🤖 AI Summary
Existing fault intensity diagnosis (FID) methods predominantly rely on chain-of-reasoning paradigms, neglecting hierarchical dependencies among fault categories—leading to limited diagnostic accuracy in complex industrial systems. To address this, we propose HKG, a hierarchical knowledge-guided diagnostic framework. HKG constructs a tree-structured reasoning architecture to explicitly model inter-category hierarchical relationships and introduces a re-weightable hierarchical knowledge correlation matrix (Re-HKCM), which injects prior hierarchical knowledge into a data-driven correlation matrix. By jointly leveraging graph convolutional networks and representation learning, HKG enables end-to-end fault intensity diagnosis while effectively mitigating the over-smoothing problem inherent in graph neural networks.
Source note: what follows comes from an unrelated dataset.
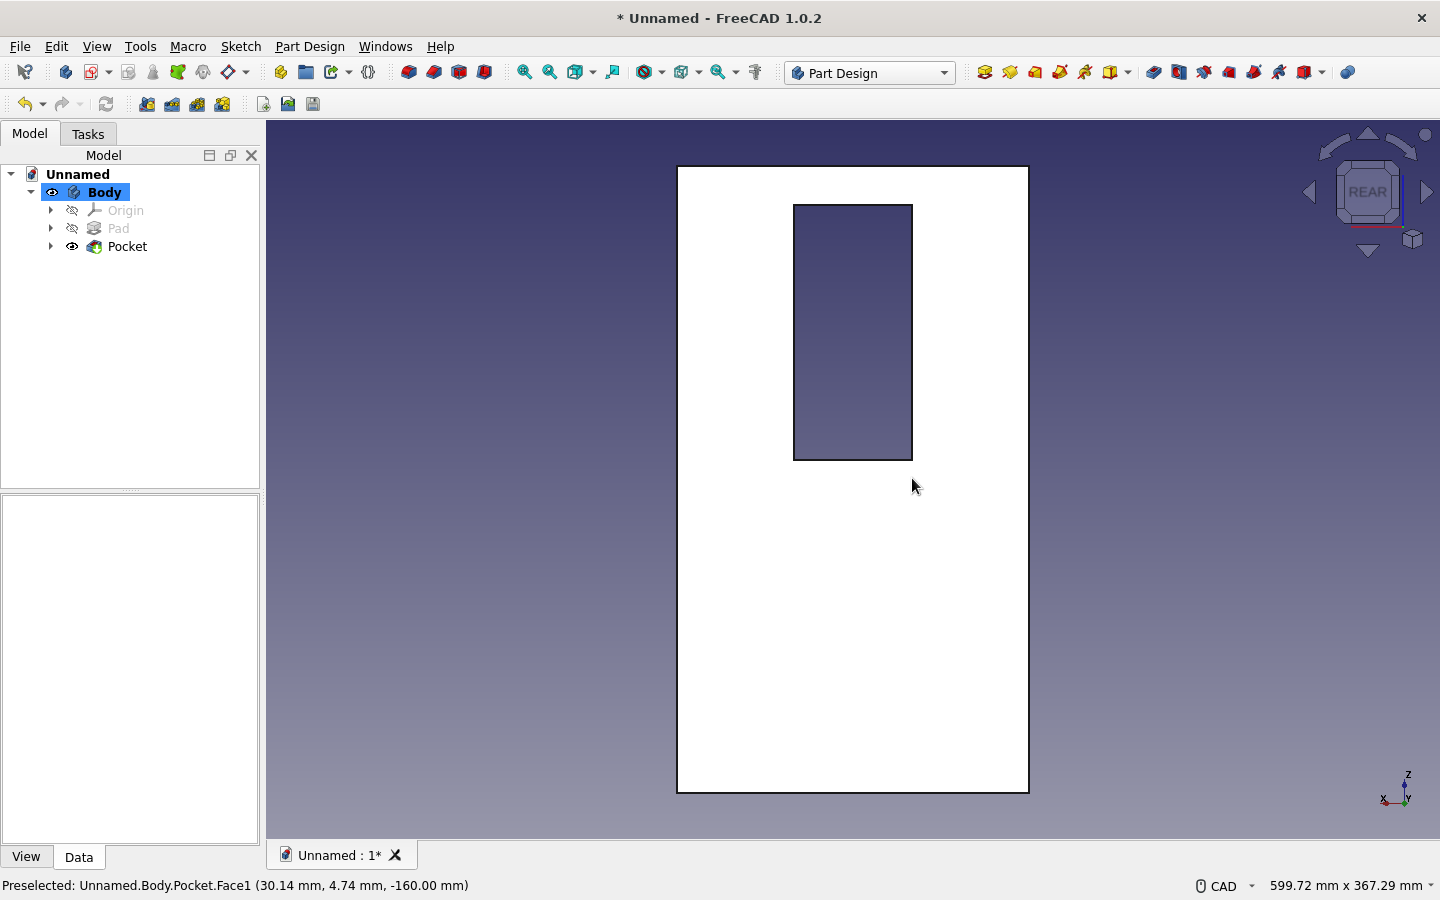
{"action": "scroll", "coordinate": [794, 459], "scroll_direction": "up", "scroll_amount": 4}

Extensive experiments on four real-world industrial datasets demonstrate that HKG significantly outperforms state-of-the-art methods, achieving superior generalization capability and practical applicability.
📝 Abstract
Fault intensity diagnosis (FID) plays a pivotal role in monitoring and maintaining mechanical devices within complex industrial systems. As current FID methods are based on chain of thought without considering dependencies among target classes. To capture and explore dependencies, we propose a hierarchical knowledge guided fault intensity diagnosis framework (HKG) inspired by the tree of thought, which is amenable to any representation learning methods. The HKG uses graph convolutional networks to map the hierarchical topological graph of class representations into a set of interdependent global hierarchical classifiers, where each node is denoted by word embeddings of a class. These global hierarchical classifiers are applied to learned deep features extracted by representation learning, allowing the entire model to be end-to-end learnable. In addition, we develop a re-weighted hierarchical knowledge correlation matrix (Re-HKCM) scheme by embedding inter-class hierarchical knowledge into a data-driven statistical correlation matrix (SCM) which effectively guides the information sharing of nodes in graphical convolutional neural networks and avoids over-smoothing issues. The Re-HKCM is derived from the SCM through a series of mathematical transformations. Extensive experiments are performed on four real-world datasets from different industrial domains (three cavitation datasets from SAMSON AG and one existing publicly) for FID, all showing superior results and outperform recent state-of-the-art FID methods.